I generally do this manually with Claude and it's able to do it lightning fast, but a small dev making a third party Bluesky/Mastodon/etc client doesn't have the resources to pay for an AI API.

  • Such an approach moves the cost of accessibility to each user individually. It is not bad as a fallback mechanism, but I hope that those who publish won't decide that AI absolves them of the need to post accessible content. After all, if they generate the alt text on their side, they can do it only once and it would be accessible to everyone while saving multiple executions of the same recognition task on the other end. Additionally, they have more control how the image would be interpreted and I hope that this really would matter.

What differentiates this from other tools? Eg tesseract, EasyOcr?

They lost me when they suggested I install docker.

Now, I wouldn't mind if they suggested that as an _option_ for people whose system might exhibit compatibility problems, but - come on! How lazy can you get? You can't be bothered to cater to anything other than your own development environment, which you want us to reproduce? Then maybe call yourself "OCR4me", not "OCR4all".

  • > How lazy can you get?"

    Genuine question: What would the ideal docker-free solution look like in your opinion? That is, something that is accessible to the average university student, researcher, and faculty member? What installation tool/package manager would this hypothetical common user use? How many hoops would they have to jump through? The hub page lists the various dependencies [0], which on their own are pretty complicated packages.

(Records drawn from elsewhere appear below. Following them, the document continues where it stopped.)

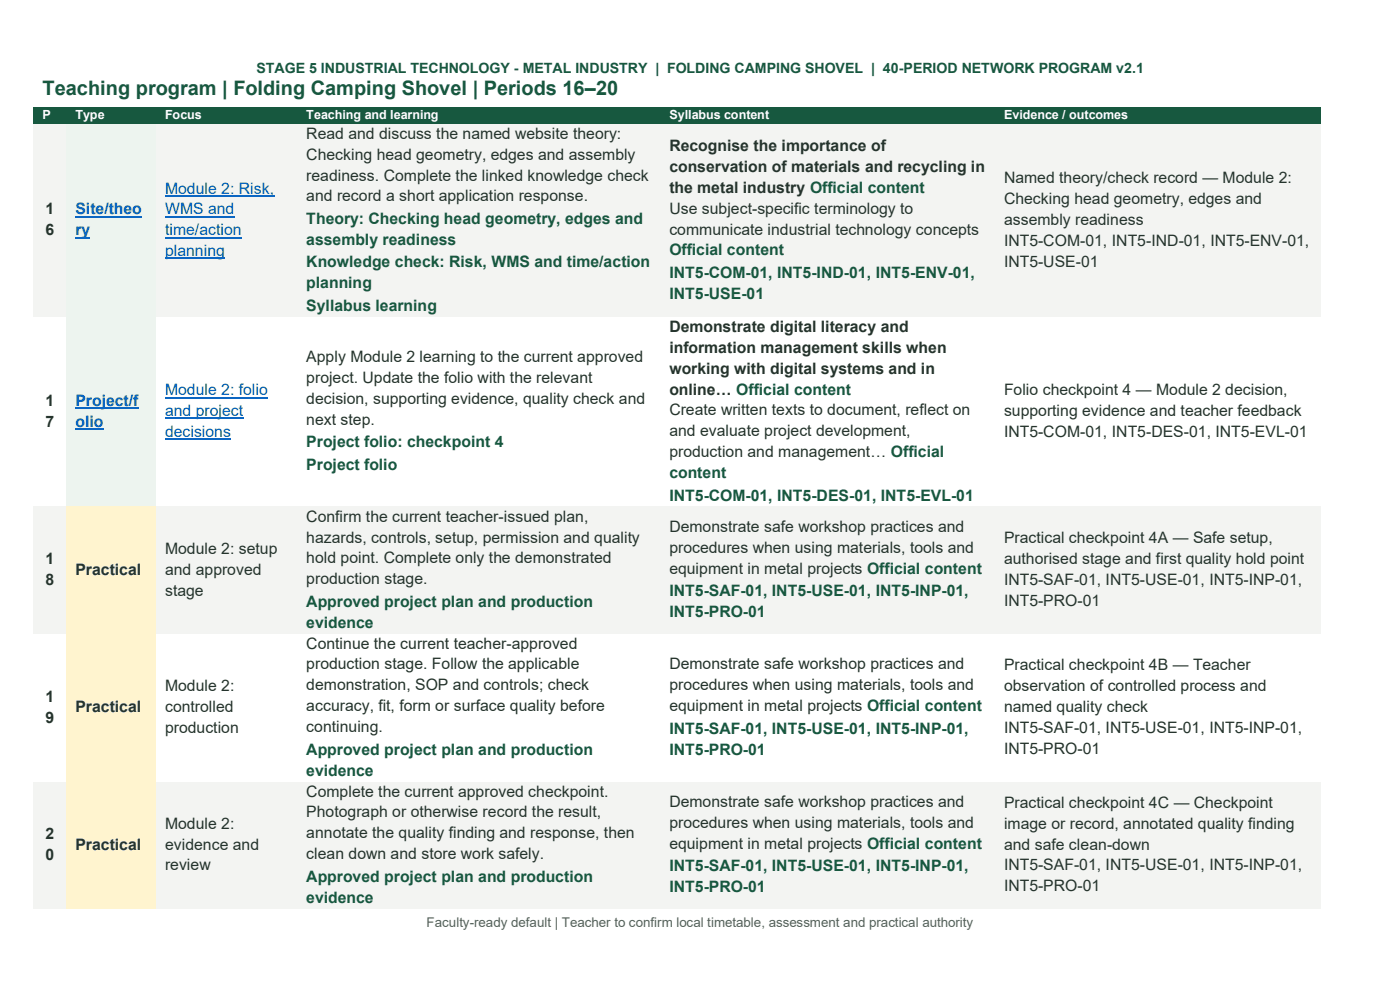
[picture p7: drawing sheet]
<svg xmlns="http://www.w3.org/2000/svg" width="297mm" height="210mm" viewBox="0 0 297 210" stroke-linecap="round" stroke-linejoin="round" font-family="sans-serif">
<defs><g id="words">
<text font-size="4.2" fill="#17583f" x="9" y="20.1">Teaching program | Folding Camping Shovel | Periods 16–20</text>
<g font-size="3.3" fill="#25342d">
<text x="65" y="29.4">Read and discuss the named website theory:</text>
<text x="65" y="33.9">Checking head geometry, edges and assembly</text>
<text x="142" y="32">Recognise the importance of</text>
<text x="65" y="38.3">readiness. Complete the linked knowledge check</text>
<text x="142" y="36.5">conservation of materials and recycling in</text>
<text x="142" y="40.9">the metal industry Official content</text>
<text x="213" y="38.8">Named theory/check record — Module 2:</text>
<text x="9.7" y="45.5">1</text>
<text x="65" y="42.7">and record a short application response.</text>
<text x="142" y="45.3">Use subject-specific terminology to</text>
<text x="213" y="43.3">Checking head geometry, edges and</text>
<text x="213" y="47.7">assembly readiness</text>
<text x="9.7" y="49.9">6</text>
<text x="142" y="49.7">communicate industrial technology concepts</text>
<text x="213" y="52.1">INT5-COM-01, INT5-IND-01, INT5-ENV-01,</text>
<text x="213" y="56.6">INT5-USE-01</text>
<text x="142" y="70.4">Demonstrate digital literacy and</text>
<text x="65" y="76.9">Apply Module 2 learning to the current approved</text>
<text x="142" y="74.8">information management skills when</text>
<text x="65" y="81.3">project. Update the folio with the relevant</text>
<text x="142" y="79.3">working with digital systems and in</text>
<text x="142" y="83.7">online… Official content</text>
<text x="213" y="83.9">Folio checkpoint 4 — Module 2 decision,</text>
<text x="9.7" y="86.1">1</text>
<text x="65" y="85.7">decision, supporting evidence, quality check and</text>
<text x="142" y="88.1">Create written texts to document, reflect on</text>
<text x="213" y="88.3">supporting evidence and teacher feedback</text>
<text x="9.7" y="90.5">7</text>
<text x="65" y="90.1">next step.</text>
<text x="142" y="92.6">and evaluate project development,</text>
<text x="213" y="92.7">INT5-COM-01, INT5-DES-01, INT5-EVL-01</text>
<text x="142" y="97">production and management… Official</text>
<text x="65" y="110.6">Confirm the current teacher-issued plan,</text>
<text x="142" y="112.8">Demonstrate safe workshop practices and</text>
<text x="9.7" y="119.7">1</text>
<text x="35" y="117.5">Module 2: setup</text>
<text x="65" y="115.1">hazards, controls, setup, permission and quality</text>
<text x="65" y="119.5">hold point. Complete only the demonstrated</text>
<text x="142" y="117.3">procedures when using materials, tools and</text>
<text x="213" y="115.3">Practical checkpoint 4A — Safe setup,</text>
<text x="213" y="119.7">authorised stage and first quality hold point</text>
<text x="9.7" y="124.1">8</text>
<text x="16" y="121.9">Practical</text>
<text x="35" y="121.9">and approved</text>
<text x="65" y="123.9">production stage.</text>
<text x="142" y="121.7">equipment in metal projects Official content</text>
<text x="213" y="124.1">INT5-SAF-01, INT5-USE-01, INT5-INP-01,</text>
<text x="35" y="126.3">stage</text>
<text x="213" y="128.5">INT5-PRO-01</text>
<text x="65" y="137.6">Continue the current teacher-approved</text>
<text x="65" y="142">production stage. Follow the applicable</text>
<text x="142" y="142">Demonstrate safe workshop practices and</text>
<text x="213" y="142.2">Practical checkpoint 4B — Teacher</text>
<text x="9.7" y="148.8">1</text>
<text x="35" y="146.6">Module 2:</text>
<text x="65" y="146.5">demonstration, SOP and controls; check</text>
<text x="142" y="146.5">procedures when using materials, tools and</text>
<text x="213" y="146.6">observation of controlled process and</text>
<text x="9.7" y="153.3">9</text>
<text x="16" y="151.1">Practical</text>
<text x="35" y="151.1">controlled</text>
<text x="35" y="155.5">production</text>
<text x="65" y="150.9">accuracy, fit, form or surface quality before</text>
<text x="65" y="155.3">continuing.</text>
<text x="142" y="150.9">equipment in metal projects Official content</text>
<text x="213" y="151.1">named quality check</text>
<text x="213" y="155.5">INT5-SAF-01, INT5-USE-01, INT5-INP-01,</text>
<text x="213" y="159.9">INT5-PRO-01</text>
<text x="65" y="169">Complete the current approved checkpoint.</text>
<text x="65" y="173.4">Photograph or otherwise record the result,</text>
<text x="142" y="171.2">Demonstrate safe workshop practices and</text>
<text x="213" y="171.4">Practical checkpoint 4C — Checkpoint</text>
<text x="9.7" y="178">2</text>
<text x="35" y="175.8">Module 2:</text>
<text x="65" y="177.8">annotate the quality finding and response, then</text>
<text x="142" y="175.6">procedures when using materials, tools and</text>
<text x="213" y="175.8">image or record, annotated quality finding</text>
<text x="9.7" y="182.4">0</text>
<text x="16" y="180.2">Practical</text>
<text x="35" y="180.2">evidence and</text>
<text x="35" y="184.6">review</text>
<text x="65" y="182.3">clean down and store work safely.</text>
<text x="142" y="180">equipment in metal projects Official content</text>
<text x="213" y="180.2">and safe clean-down</text>
<text x="213" y="184.6">INT5-SAF-01, INT5-USE-01, INT5-INP-01,</text>
<text x="213" y="189.1">INT5-PRO-01</text>
</g>
<g font-size="3.3" fill="#0563c1">
<text x="35" y="41.1">Module 2: Risk,</text>
<text x="16" y="45.5">Site/theo</text>
<text x="35" y="45.5">WMS and</text>
<text x="16" y="49.9">ry</text>
<text x="35" y="49.9">time/action</text>
<text x="35" y="54.4">planning</text>
<text x="35" y="83.9">Module 2: folio</text>
<text x="16" y="86.1">Project/f</text>
<text x="35" y="88.3">and project</text>
<text x="16" y="90.5">olio</text>
<text x="35" y="92.7">decisions</text>
</g>
<g font-size="3.3" fill="#17583f">
<text x="65" y="47.5">Theory: Checking head geometry, edges and</text>
<text x="65" y="52">assembly readiness</text>
<text x="65" y="56.7">Knowledge check: Risk, WMS and time/action</text>
<text x="142" y="54.2">Official content</text>
<text x="142" y="58.9">INT5-COM-01, INT5-IND-01, INT5-ENV-01,</text>
<text x="65" y="61.2">planning</text>
<text x="65" y="66">Syllabus learning</text>
<text x="142" y="63.4">INT5-USE-01</text>
<text x="65" y="94.9">Project folio: checkpoint 4</text>
<text x="65" y="99.7">Project folio</text>
<text x="142" y="101.4">content</text>
<text x="142" y="106.2">INT5-COM-01, INT5-DES-01, INT5-EVL-01</text>
<text x="65" y="128.7">Approved project plan and production</text>
<text x="142" y="126.5">INT5-SAF-01, INT5-USE-01, INT5-INP-01,</text>
<text x="142" y="131">INT5-PRO-01</text>
<text x="65" y="133.2">evidence</text>
<text x="142" y="155.6">INT5-SAF-01, INT5-USE-01, INT5-INP-01,</text>
<text x="65" y="160.1">Approved project plan and production</text>
<text x="142" y="160.1">INT5-PRO-01</text>
<text x="65" y="164.5">evidence</text>
<text x="142" y="184.8">INT5-SAF-01, INT5-USE-01, INT5-INP-01,</text>
<text x="65" y="187">Approved project plan and production</text>
<text x="65" y="191.5">evidence</text>
<text x="142" y="189.3">INT5-PRO-01</text>
</g>
<text font-size="3" fill="#17583f" x="54.4" y="15.5">STAGE 5 INDUSTRIAL TECHNOLOGY - METAL INDUSTRY | FOLDING CAMPING SHOVEL | 40-PERIOD NETWORK PROGRAM v2.1</text>
<text font-size="2.8" fill="#51645b" x="90.5" y="196.8">Faculty-ready default | Teacher to confirm local timetable, assessment and practical authority</text>
<g font-size="2.7" fill="#fff">
<text x="9" y="25.3">P</text>
<text x="16" y="25.3">Type</text>
<text x="35" y="25.3">Focus</text>
<text x="65" y="25.3">Teaching and learning</text>
<text x="142" y="25.3">Syllabus content</text>
<text x="213" y="25.3">Evidence / outcomes</text>
</g>
</g></defs>
<g fill="#17583f">
<path d="M7.1 22.8h7v3.5h-7z" fill-rule="evenodd"/>
<path d="M9 22.8h3.2v3.5h-3.2z" fill-rule="evenodd"/>
<path d="M14.1 22.8h19v3.5h-19z" fill-rule="evenodd"/>
<path d="M16 22.8h15.2v3.5h-15.2z" fill-rule="evenodd"/>
<path d="M33.1 22.8h30v3.5h-30z" fill-rule="evenodd"/>
<path d="M35 22.8h26.2v3.5h-26.2z" fill-rule="evenodd"/>
<path d="M63.1 22.8h77v3.5h-77z" fill-rule="evenodd"/>
<path d="M65 22.8h73.2v3.5h-73.2z" fill-rule="evenodd"/>
<path d="M140.1 22.8h71v3.5h-71z" fill-rule="evenodd"/>
<path d="M142 22.8h67.2v3.5h-67.2z" fill-rule="evenodd"/>
<path d="M211.1 22.8h69v3.5h-69z" fill-rule="evenodd"/>
<path d="M213 22.8h65.2v3.5h-65.2z" fill-rule="evenodd"/>
</g>
<g fill="#f3f4f2">
<path d="M7.1 26.3h7v41h-7z" fill-rule="evenodd"/>
<path d="M9 42.3h3.2v4.5h-3.2z" fill-rule="evenodd"/>
<path d="M9 46.8h3.2v4.4h-3.2z" fill-rule="evenodd"/>
</g>
<g fill="#edf4ef">
<path d="M14.1 26.3h19v41h-19z" fill-rule="evenodd"/>
<path d="M16 42.3h15.2v4.5h-15.2z" fill-rule="evenodd"/>
</g>
<path d="M16 46h14.1" fill="none" stroke="#0563c1" stroke-width=".34"/>
<path d="M16 46.8h15.2v4.4h-15.2z" fill-rule="evenodd" fill="#edf4ef"/>
<path d="M16 50.4h3.2" fill="none" stroke="#0563c1" stroke-width=".34"/>
<g fill="#f3f4f2">
<path d="M33.1 26.3h30v41h-30z" fill-rule="evenodd"/>
<path d="M35 37.9h26.2v4.4h-26.2z" fill-rule="evenodd"/>
</g>
<path d="M35 41.5h23.2" fill="none" stroke="#0563c1" stroke-width=".25"/>
<path d="M35 42.3h26.2v4.5h-26.2z" fill-rule="evenodd" fill="#f3f4f2"/>
<path d="M35 45.9h14.8" fill="none" stroke="#0563c1" stroke-width=".25"/>
<path d="M35 46.8h26.2v4.4h-26.2z" fill-rule="evenodd" fill="#f3f4f2"/>
<path d="M35 50.4h16.3" fill="none" stroke="#0563c1" stroke-width=".25"/>
<path d="M35 51.2h26.2v4.4h-26.2z" fill-rule="evenodd" fill="#f3f4f2"/>
<path d="M35 54.8h12.7" fill="none" stroke="#0563c1" stroke-width=".25"/>
<g fill="#f3f4f2">
<path d="M63.1 26.3h77v41h-77z" fill-rule="evenodd"/>
<path d="M65 26.3h73.2v4.4h-73.2z" fill-rule="evenodd"/>
<path d="M65 30.7h73.2v4.5h-73.2z" fill-rule="evenodd"/>
<path d="M65 35.2h73.2v4.4h-73.2z" fill-rule="evenodd"/>
<path d="M65 39.6h73.2v4.4h-73.2z" fill-rule="evenodd"/>
<path d="M65 44h73.2v4.8h-73.2z" fill-rule="evenodd"/>
<path d="M65 48.8h73.2v4.5h-73.2z" fill-rule="evenodd"/>
<path d="M65 53.3h73.2v4.7h-73.2z" fill-rule="evenodd"/>
<path d="M65 58h73.2v4.5h-73.2z" fill-rule="evenodd"/>
<path d="M65 62.5h73.2v4.8h-73.2z" fill-rule="evenodd"/>
<path d="M140.1 26.3h71v41h-71z" fill-rule="evenodd"/>
<path d="M142 28.9h67.2v4.4h-67.2z" fill-rule="evenodd"/>
<path d="M142 33.3h67.2v4.4h-67.2z" fill-rule="evenodd"/>
<path d="M142 37.7h67.2v4.5h-67.2z" fill-rule="evenodd"/>
<path d="M142 42.2h67.2v4.4h-67.2z" fill-rule="evenodd"/>
<path d="M142 46.6h67.2v4.4h-67.2z" fill-rule="evenodd"/>
<path d="M142 51h67.2v4.5h-67.2z" fill-rule="evenodd"/>
<path d="M142 55.5h67.2v4.7h-67.2z" fill-rule="evenodd"/>
<path d="M142 60.2h67.2v4.5h-67.2z" fill-rule="evenodd"/>
<path d="M211.1 26.3h69v41h-69z" fill-rule="evenodd"/>
<path d="M213 35.7h65.2v4.4h-65.2z" fill-rule="evenodd"/>
<path d="M213 40.1h65.2v4.5h-65.2z" fill-rule="evenodd"/>
<path d="M213 44.6h65.2v4.4h-65.2z" fill-rule="evenodd"/>
<path d="M213 49h65.2v4.4h-65.2z" fill-rule="evenodd"/>
<path d="M213 53.4h65.2v4.5h-65.2z" fill-rule="evenodd"/>
</g>
<g fill="#fff">
<path d="M7.1 67.3h7v40.2h-7z" fill-rule="evenodd"/>
<path d="M9 82.9h3.2v4.5h-3.2z" fill-rule="evenodd"/>
<path d="M9 87.4h3.2v4.4h-3.2z" fill-rule="evenodd"/>
</g>
<g fill="#edf4ef">
<path d="M14.1 67.3h19v40.2h-19z" fill-rule="evenodd"/>
<path d="M16 82.9h15.2v4.5h-15.2z" fill-rule="evenodd"/>
</g>
<path d="M16 86.6h13.4" fill="none" stroke="#0563c1" stroke-width=".34"/>
<path d="M16 87.4h15.2v4.4h-15.2z" fill-rule="evenodd" fill="#edf4ef"/>
<path d="M16 91h6" fill="none" stroke="#0563c1" stroke-width=".34"/>
<g fill="#fff">
<path d="M33.1 67.3h30v40.2h-30z" fill-rule="evenodd"/>
<path d="M35 80.7h26.2v4.4h-26.2z" fill-rule="evenodd"/>
</g>
<path d="M35 84.3h21.9" fill="none" stroke="#0563c1" stroke-width=".25"/>
<path d="M35 85.1h26.2v4.5h-26.2z" fill-rule="evenodd" fill="#fff"/>
<path d="M35 88.7h16.6" fill="none" stroke="#0563c1" stroke-width=".25"/>
<path d="M35 89.6h26.2v4.4h-26.2z" fill-rule="evenodd" fill="#fff"/>
<path d="M35 93.2h14" fill="none" stroke="#0563c1" stroke-width=".25"/>
<g fill="#fff">
<path d="M63.1 67.3h77v40.2h-77z" fill-rule="evenodd"/>
<path d="M65 73.7h73.2v4.5h-73.2z" fill-rule="evenodd"/>
<path d="M65 78.2h73.2v4.4h-73.2z" fill-rule="evenodd"/>
<path d="M65 82.6h73.2v4.4h-73.2z" fill-rule="evenodd"/>
<path d="M65 87h73.2v4.5h-73.2z" fill-rule="evenodd"/>
<path d="M65 91.5h73.2v4.7h-73.2z" fill-rule="evenodd"/>
<path d="M65 96.2h73.2v4.8h-73.2z" fill-rule="evenodd"/>
<path d="M140.1 67.3h71v40.2h-71z" fill-rule="evenodd"/>
<path d="M142 67.3h67.2v4.4h-67.2z" fill-rule="evenodd"/>
<path d="M142 71.7h67.2v4.4h-67.2z" fill-rule="evenodd"/>
<path d="M142 76.1h67.2v4.5h-67.2z" fill-rule="evenodd"/>
<path d="M142 80.6h67.2v4.4h-67.2z" fill-rule="evenodd"/>
<path d="M142 85h67.2v4.4h-67.2z" fill-rule="evenodd"/>
<path d="M142 89.4h67.2v4.5h-67.2z" fill-rule="evenodd"/>
<path d="M142 93.9h67.2v4.4h-67.2z" fill-rule="evenodd"/>
<path d="M142 98.3h67.2v4.4h-67.2z" fill-rule="evenodd"/>
<path d="M142 102.7h67.2v4.8h-67.2z" fill-rule="evenodd"/>
<path d="M211.1 67.3h69v40.2h-69z" fill-rule="evenodd"/>
<path d="M213 80.7h65.2v4.4h-65.2z" fill-rule="evenodd"/>
<path d="M213 85.1h65.2v4.5h-65.2z" fill-rule="evenodd"/>
<path d="M213 89.6h65.2v4.4h-65.2z" fill-rule="evenodd"/>
</g>
<g fill="#f3f4f2">
<path d="M7.1 107.5h7v27h-7z" fill-rule="evenodd"/>
<path d="M9 116.6h3.2v4.4h-3.2z" fill-rule="evenodd"/>
<path d="M9 121h3.2v4.4h-3.2z" fill-rule="evenodd"/>
</g>
<g fill="#fff4cf">
<path d="M14.1 107.5h19v27h-19z" fill-rule="evenodd"/>
<path d="M16 118.8h15.2v4.4h-15.2z" fill-rule="evenodd"/>
</g>
<g fill="#f3f4f2">
<path d="M33.1 107.5h30v27h-30z" fill-rule="evenodd"/>
<path d="M35 114.3h26.2v4.5h-26.2z" fill-rule="evenodd"/>
<path d="M35 118.8h26.2v4.4h-26.2z" fill-rule="evenodd"/>
<path d="M35 123.2h26.2v4.4h-26.2z" fill-rule="evenodd"/>
<path d="M63.1 107.5h77v27h-77z" fill-rule="evenodd"/>
<path d="M65 107.5h73.2v4.4h-73.2z" fill-rule="evenodd"/>
<path d="M65 111.9h73.2v4.5h-73.2z" fill-rule="evenodd"/>
<path d="M65 116.4h73.2v4.4h-73.2z" fill-rule="evenodd"/>
<path d="M65 120.8h73.2v4.4h-73.2z" fill-rule="evenodd"/>
<path d="M65 125.2h73.2v4.8h-73.2z" fill-rule="evenodd"/>
<path d="M65 130h73.2v4.5h-73.2z" fill-rule="evenodd"/>
<path d="M140.1 107.5h71v27h-71z" fill-rule="evenodd"/>
<path d="M142 109.7h67.2v4.5h-67.2z" fill-rule="evenodd"/>
<path d="M142 114.2h67.2v4.4h-67.2z" fill-rule="evenodd"/>
<path d="M142 118.6h67.2v4.4h-67.2z" fill-rule="evenodd"/>
<path d="M142 123h67.2v4.8h-67.2z" fill-rule="evenodd"/>
<path d="M142 127.8h67.2v4.4h-67.2z" fill-rule="evenodd"/>
<path d="M211.1 107.5h69v27h-69z" fill-rule="evenodd"/>
<path d="M213 112.1h65.2v4.5h-65.2z" fill-rule="evenodd"/>
<path d="M213 116.6h65.2v4.4h-65.2z" fill-rule="evenodd"/>
<path d="M213 121h65.2v4.4h-65.2z" fill-rule="evenodd"/>
<path d="M213 125.4h65.2v4.5h-65.2z" fill-rule="evenodd"/>
</g>
<g fill="#fff">
<path d="M7.1 134.5h7v31.4h-7z" fill-rule="evenodd"/>
<path d="M9 145.7h3.2v4.4h-3.2z" fill-rule="evenodd"/>
<path d="M9 150.1h3.2v4.5h-3.2z" fill-rule="evenodd"/>
</g>
<g fill="#fff4cf">
<path d="M14.1 134.5h19v31.4h-19z" fill-rule="evenodd"/>
<path d="M16 147.9h15.2v4.4h-15.2z" fill-rule="evenodd"/>
</g>
<g fill="#fff">
<path d="M33.1 134.5h30v31.4h-30z" fill-rule="evenodd"/>
<path d="M35 143.5h26.2v4.4h-26.2z" fill-rule="evenodd"/>
<path d="M35 147.9h26.2v4.4h-26.2z" fill-rule="evenodd"/>
<path d="M35 152.3h26.2v4.5h-26.2z" fill-rule="evenodd"/>
<path d="M63.1 134.5h77v31.4h-77z" fill-rule="evenodd"/>
<path d="M65 134.5h73.2v4.4h-73.2z" fill-rule="evenodd"/>
<path d="M65 138.9h73.2v4.4h-73.2z" fill-rule="evenodd"/>
<path d="M65 143.3h73.2v4.5h-73.2z" fill-rule="evenodd"/>
<path d="M65 147.8h73.2v4.4h-73.2z" fill-rule="evenodd"/>
<path d="M65 152.2h73.2v4.4h-73.2z" fill-rule="evenodd"/>
<path d="M65 156.6h73.2v4.8h-73.2z" fill-rule="evenodd"/>
<path d="M65 161.4h73.2v4.5h-73.2z" fill-rule="evenodd"/>
<path d="M140.1 134.5h71v31.4h-71z" fill-rule="evenodd"/>
<path d="M142 138.9h67.2v4.4h-67.2z" fill-rule="evenodd"/>
<path d="M142 143.3h67.2v4.5h-67.2z" fill-rule="evenodd"/>
<path d="M142 147.8h67.2v4.4h-67.2z" fill-rule="evenodd"/>
<path d="M142 152.2h67.2v4.8h-67.2z" fill-rule="evenodd"/>
<path d="M142 157h67.2v4.4h-67.2z" fill-rule="evenodd"/>
<path d="M211.1 134.5h69v31.4h-69z" fill-rule="evenodd"/>
<path d="M213 139h65.2v4.5h-65.2z" fill-rule="evenodd"/>
<path d="M213 143.5h65.2v4.4h-65.2z" fill-rule="evenodd"/>
<path d="M213 147.9h65.2v4.4h-65.2z" fill-rule="evenodd"/>
<path d="M213 152.3h65.2v4.5h-65.2z" fill-rule="evenodd"/>
<path d="M213 156.8h65.2v4.4h-65.2z" fill-rule="evenodd"/>
</g>
<g fill="#f3f4f2">
<path d="M7.1 165.9h7v26.9h-7z" fill-rule="evenodd"/>
<path d="M9 174.9h3.2v4.4h-3.2z" fill-rule="evenodd"/>
<path d="M9 179.3h3.2v4.5h-3.2z" fill-rule="evenodd"/>
</g>
<g fill="#fff4cf">
<path d="M14.1 165.9h19v26.9h-19z" fill-rule="evenodd"/>
<path d="M16 177.1h15.2v4.4h-15.2z" fill-rule="evenodd"/>
</g>
<g fill="#f3f4f2">
<path d="M33.1 165.9h30v26.9h-30z" fill-rule="evenodd"/>
<path d="M35 172.7h26.2v4.4h-26.2z" fill-rule="evenodd"/>
<path d="M35 177.1h26.2v4.4h-26.2z" fill-rule="evenodd"/>
<path d="M35 181.5h26.2v4.5h-26.2z" fill-rule="evenodd"/>
<path d="M63.1 165.9h77v26.9h-77z" fill-rule="evenodd"/>
<path d="M65 165.9h73.2v4.4h-73.2z" fill-rule="evenodd"/>
<path d="M65 170.3h73.2v4.4h-73.2z" fill-rule="evenodd"/>
<path d="M65 174.7h73.2v4.4h-73.2z" fill-rule="evenodd"/>
<path d="M65 179.1h73.2v4.4h-73.2z" fill-rule="evenodd"/>
<path d="M65 183.5h73.2v4.8h-73.2z" fill-rule="evenodd"/>
<path d="M65 188.3h73.2v4.5h-73.2z" fill-rule="evenodd"/>
<path d="M140.1 165.9h71v26.9h-71z" fill-rule="evenodd"/>
<path d="M142 168.1h67.2v4.4h-67.2z" fill-rule="evenodd"/>
<path d="M142 172.5h67.2v4.4h-67.2z" fill-rule="evenodd"/>
<path d="M142 176.9h67.2v4.4h-67.2z" fill-rule="evenodd"/>
<path d="M142 181.3h67.2v4.8h-67.2z" fill-rule="evenodd"/>
<path d="M142 186.1h67.2v4.5h-67.2z" fill-rule="evenodd"/>
<path d="M211.1 165.9h69v26.9h-69z" fill-rule="evenodd"/>
<path d="M213 168.2h65.2v4.5h-65.2z" fill-rule="evenodd"/>
<path d="M213 172.7h65.2v4.4h-65.2z" fill-rule="evenodd"/>
<path d="M213 177.1h65.2v4.4h-65.2z" fill-rule="evenodd"/>
<path d="M213 181.5h65.2v4.5h-65.2z" fill-rule="evenodd"/>
<path d="M213 186h65.2v4.4h-65.2z" fill-rule="evenodd"/>
</g>
<use href="#words"/>
</svg>

    [0] https://hub.docker.com/r/uniwuezpd/ocr4all

I don't wish to speak out of turn, but it doesn't look like this project has been active for about 1 year. I checked GitHub and the last update was in Feb 2024. Their last post to X was 25 OCT 2023. :(

It's cool but is there any doubt that this will be very obsolete very soon? This is like how image recognition worked pre-CNN.

(It looks like the project started in 2022. So maybe it wasn't obvious at the time)

This looks promising, not sure how it stacks up to Transkribus which seems to be the leader in the space since it has support for handwritten and trainable ML for your dataset.

Training a model exclusively on written material from specific time periods would be a fascinating way to explore history, specially at schools.

I've been using tesseract for a few years on a personal project, I'd be interested to know how they compare in terms of system resources, given that I am running it on a dell optiplex micro with 8 gigs of ram and 6-th gen i5 - tesseract is barely noticeable so it's just my curiosity at this point, I don't have any reasons to even consider switching over. I do however have a large dataset of several hundred gbs of scanned pdfs which would be worth digitalizing when I find some time to spare.